La influencia de la pandemia en el trabajo, la sanidad o la justicia

Hospital.
Hospital Clinic de Barcelona.

Mucho se ha escrito sobre los efectos secundarios que deja el coronavirus en quienes lo han sufrido. Pero no voy a escribir de esto, porque mi ignorancia médica es proverbial. Más me interesa la influencia en aspectos centrales de la convivencia humana, que exigirían un giro copernicano, para superar las gravísimas consecuencias de ese otro virus inmaterial, que lleva a la visión meramente económica de las relaciones personales. El covid-19 plantea un cambio de rumbo radical en la civilización moderna, para no acabar de transformar al homo sapiens en homo oeconomicus, dominado en gran medida por la cultura del bróker, que busca máximo rendimiento en el plazo más corto posible. 

El ser humano se resiste a ser tratado como un número, ni siquiera para organizar sistemas informáticos que puedan rastrear contagios y contribuyan a evitar la difusión de la pandemia. Muchos no están dispuestos a pagar ese precio, aun a costa de contraer una enfermedad que sigue siendo letal, quizá menos ya, por la edad inferior de quienes se contagian. 

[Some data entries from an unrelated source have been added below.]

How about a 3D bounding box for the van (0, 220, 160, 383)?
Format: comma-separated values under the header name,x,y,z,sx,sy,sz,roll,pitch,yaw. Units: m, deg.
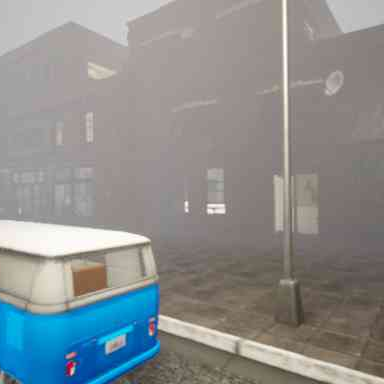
name,x,y,z,sx,sy,sz,roll,pitch,yaw
van,-2.295,1.337,4.529,3.998,1.788,1.690,0,-1,36
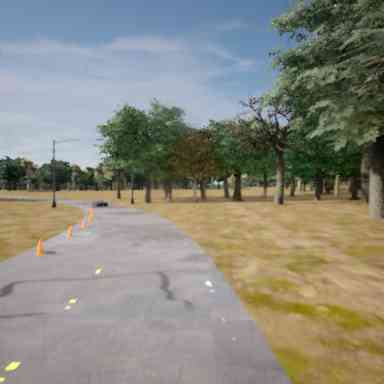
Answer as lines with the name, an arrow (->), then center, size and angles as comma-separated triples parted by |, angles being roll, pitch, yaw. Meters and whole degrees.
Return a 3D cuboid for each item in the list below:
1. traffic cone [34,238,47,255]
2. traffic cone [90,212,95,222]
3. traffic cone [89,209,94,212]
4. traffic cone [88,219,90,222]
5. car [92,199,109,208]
traffic cone -> -5.735, 2.050, 12.600 | 0.340, 0.580, 0.340 | 0, 0, -7
traffic cone -> -8.243, 2.100, 27.071 | 0.340, 0.580, 0.340 | -1, 0, -13
traffic cone -> -9.440, 2.116, 31.821 | 0.340, 0.580, 0.340 | -1, 0, -15
traffic cone -> -7.225, 2.085, 22.280 | 0.340, 0.580, 0.340 | -1, 0, -11
car -> -14.198, 1.783, 51.600 | 1.895, 1.301, 4.718 | -1, 0, -24
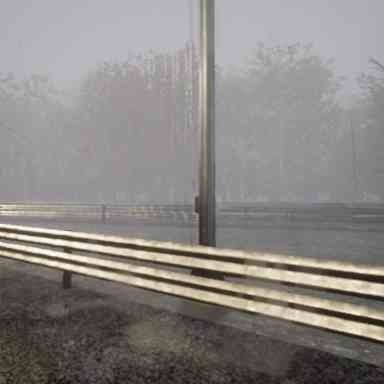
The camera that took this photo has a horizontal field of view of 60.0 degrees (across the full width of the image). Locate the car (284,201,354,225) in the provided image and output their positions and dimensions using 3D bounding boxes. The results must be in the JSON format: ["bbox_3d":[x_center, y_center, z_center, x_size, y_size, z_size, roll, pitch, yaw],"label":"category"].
[{"bbox_3d":[9.282,1.513,24.595,4.856,1.649,2.033,0,0,16],"label":"car"}]
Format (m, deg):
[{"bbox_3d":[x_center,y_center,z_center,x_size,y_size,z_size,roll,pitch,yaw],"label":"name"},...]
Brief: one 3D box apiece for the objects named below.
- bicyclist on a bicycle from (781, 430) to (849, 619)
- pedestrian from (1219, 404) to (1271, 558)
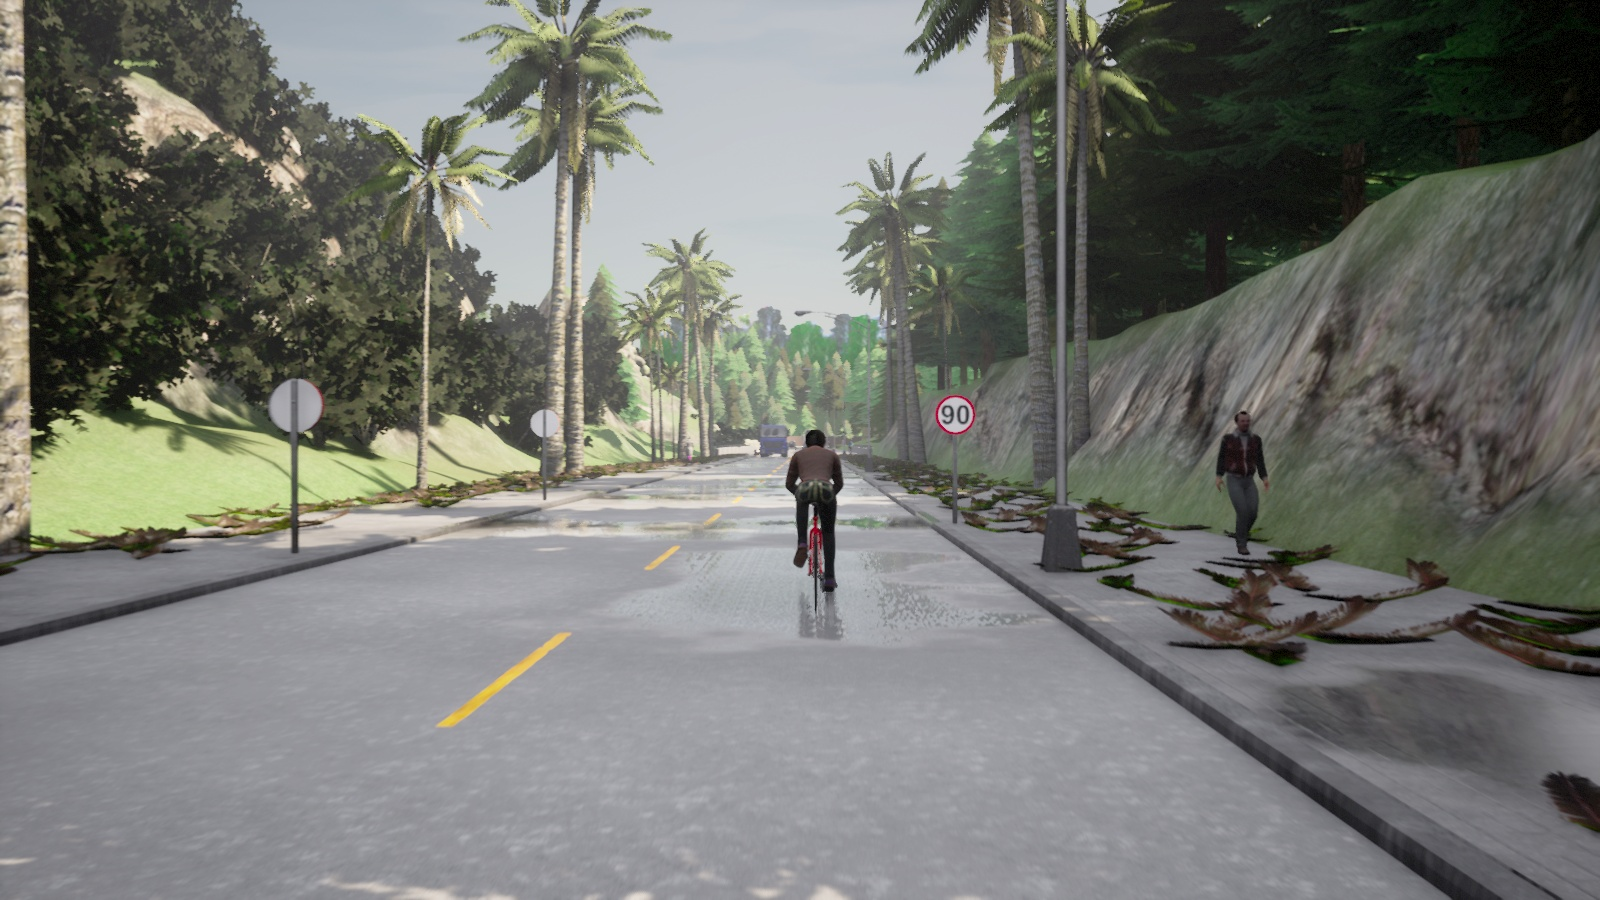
[{"bbox_3d":[0.138,0.634,11.595,0.582,1.620,1.656,0,0,1],"label":"bicyclist on a bicycle"},{"bbox_3d":[5.483,0.374,15.506,0.376,1.854,0.720,0,0,-1],"label":"pedestrian"}]

El reciente debate –en Italia, Francia o España- sobre las bajas parentales en relación con la atención a hijos que puedan haber contraído la enfermedad, muestra una alarmante inversión de criterios éticos esenciales. Lo sabíamos ante la lentitud de encontrar soluciones para armonizar las exigencias familiares con las derivadas del trabajo, que solían centrarse en la maternidad, no en la unidad de la pareja como tal. Hoy, la atención a hijos enfermos requiere un tratamiento jurídico y social que anteponga la relación humana al rendimiento económico –aunque se quejen los solteros de Silicon Valley-, por grave que pueda ser la situación de empresas e instituciones. Al cabo, la pandemia impone elegir prioridades. 

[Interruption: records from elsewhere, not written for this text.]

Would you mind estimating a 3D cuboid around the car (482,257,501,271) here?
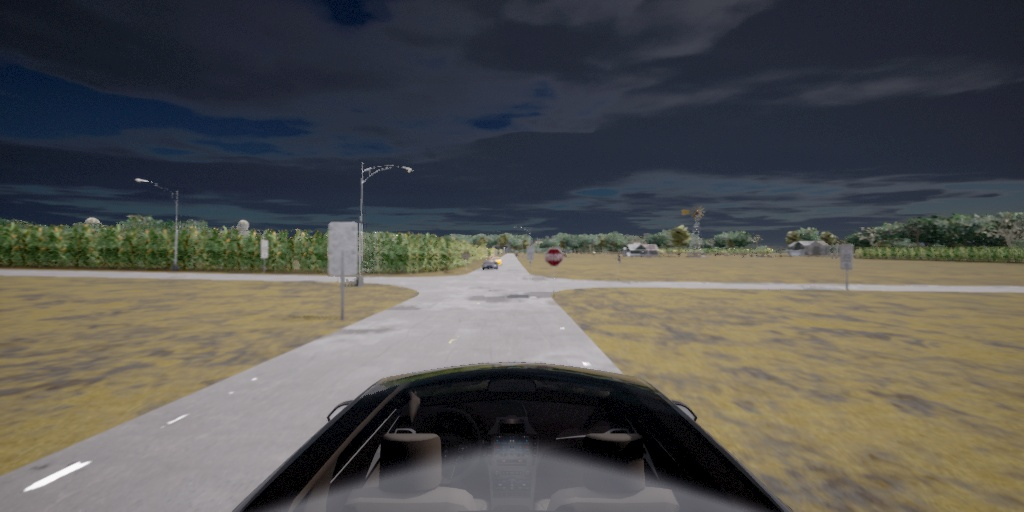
[{"bbox_3d":[-2.774,1.168,46.165,1.994,1.385,4.181,0,1,0],"label":"car"}]
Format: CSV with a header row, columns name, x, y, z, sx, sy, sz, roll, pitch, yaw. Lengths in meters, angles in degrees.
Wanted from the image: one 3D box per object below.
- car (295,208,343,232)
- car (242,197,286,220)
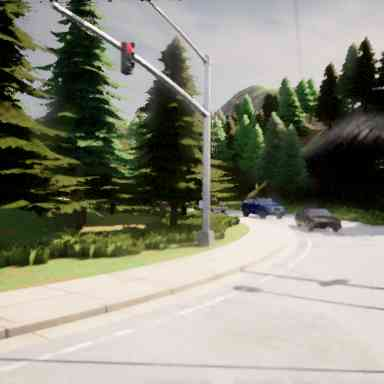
name,x,y,z,sx,sy,sz,roll,pitch,yaw
car,8.524,1.830,22.920,2.033,1.411,5.357,0,-1,4
car,6.983,1.580,33.157,2.150,2.045,5.566,1,-1,-20
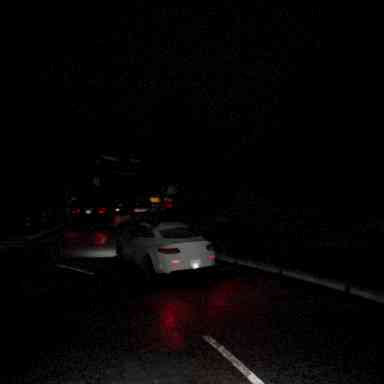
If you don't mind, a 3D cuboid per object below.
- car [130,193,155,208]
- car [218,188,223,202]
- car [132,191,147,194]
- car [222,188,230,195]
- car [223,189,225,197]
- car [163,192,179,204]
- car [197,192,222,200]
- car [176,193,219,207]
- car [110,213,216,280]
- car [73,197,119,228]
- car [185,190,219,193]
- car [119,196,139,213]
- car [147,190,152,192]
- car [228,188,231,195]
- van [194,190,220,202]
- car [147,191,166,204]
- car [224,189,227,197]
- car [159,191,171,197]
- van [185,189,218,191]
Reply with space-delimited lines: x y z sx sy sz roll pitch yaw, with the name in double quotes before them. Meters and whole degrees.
"car" -6.805 1.317 45.173 1.882 1.535 5.008 -1 1 6
"car" 1.722 0.849 52.576 5.566 2.045 2.435 -1 1 6
"car" -12.289 0.920 72.622 2.097 1.535 5.008 -1 1 10
"car" 5.896 0.520 79.540 4.792 1.488 2.163 -1 1 12
"car" 3.853 0.794 68.684 4.792 1.488 2.163 -1 1 10
"car" -2.898 1.148 54.627 1.837 1.490 4.892 -1 1 7
"car" 3.449 0.866 65.983 4.674 1.452 2.002 -1 1 9
"car" 0.836 1.239 44.372 4.892 1.521 2.231 -1 1 6
"car" -0.968 1.610 10.334 1.812 1.442 4.674 -1 0 -27
"car" -6.762 1.336 23.458 2.150 2.045 5.566 -1 0 -6
"car" 1.159 1.067 47.105 4.553 1.767 2.185 -1 1 6
"car" -7.261 1.483 35.074 1.837 1.490 4.892 -1 0 1
"car" -11.288 0.824 78.022 2.163 1.488 4.792 -1 1 12
"car" 7.080 0.114 84.868 5.566 2.045 2.435 0 1 14
"van" 2.770 0.717 60.560 4.442 1.987 1.878 -1 1 8
"car" -5.856 1.151 55.113 1.882 1.535 5.008 -1 1 7
"car" 4.828 0.633 74.055 4.892 1.521 2.231 -1 1 11
"car" -7.550 0.488 94.261 2.002 1.452 4.674 -1 1 15
"van" 1.298 0.922 49.861 4.442 1.987 1.878 -1 1 6

Tampoco el ser humano puede ser tratado como mero número en la atención sanitaria. El pasado mes de agosto he acudido a un ambulatorio más veces que en los últimos diez años, por una cuestión de escasa entidad vital, pero que exigía curas para evitar males mayores: un absceso en la espalda. Dejo constancia aquí del agradecimiento a mis cuidadoras. Sólo cuando quisieron una comprobación facultativa del hospital de referencia, advertí el nivel de burocratización de la sanidad. Lo comenté, medio en serio medio en broma, al cirujano que me atendió –amable y eficazmente-: “veo que los médicos escribís más que los periodistas”... Pensé, pero no añadí, que podrían aprender mecanografía, pues dan ganas de ofrecerse a teclear lo que dictan, para ganar tiempo todos... Pero me vino a decir que, efectivamente, esa tarea moderadamente necesaria les impide muchas veces dedicar más minutos a la efectiva atención de los pacientes

Las tareas laborales relacionadas con el cuidado de los demás no pueden controlarse de un modo estándar, taylorizado, en intento de conseguir una eficacia que, al cabo, puede reducir personal facultativo, pero aumenta el número de trabajadores en gestión y administración. Con el riesgo de una desmotivación de los más diligentes. Y de negar atención a pacientes –por ejemplo, razón de edad-, cuya curación no es “rentable”.

Algo semejante sucede en la administración de justicia. No entro en los problemas de España, probablemente agudizados por decretos promulgados sin discusión parlamentaria al amparo del estado de alarma. Tampoco en los de Francia, a los que me referí recientemente a propósito de una de sus grandes asignaturas pendientes: la contradicción de conceder estatuto de “magistrado” a fiscales que dependen del ministerio de Justicia. 

Me refiero a la creciente tendencia a uniformar las causas judiciales a través del uso de técnicas informáticas y del aprovechamiento de los big data, aun sin llegar a una justicia predictiva. Se parte de la base de que el crecimiento económico aumenta la conflictividad social y, por tanto, el número de litigios. La conclusión no es reforzar el número y formación de los jueces, sino aligerar los procedimientos: prevalece la exigencia de eficacia y rentabilidad en la prestación de un “servicio público”, antes que la búsqueda de la justicia, que da a cada uno lo suyo. De ahí el fortalecimiento de los “funcionarios” de la oficina judicial, en detrimento del papel clásico de los jueces. 

Pero, como escribían un médico y una magistrada en Le Monde, a finales de agosto, no se pueden tratar como una mercancía ni la sanidad ni la justicia: un principio esencial, si se quiere acertar en las reformas de los hospitales públicos o de la organización judicial.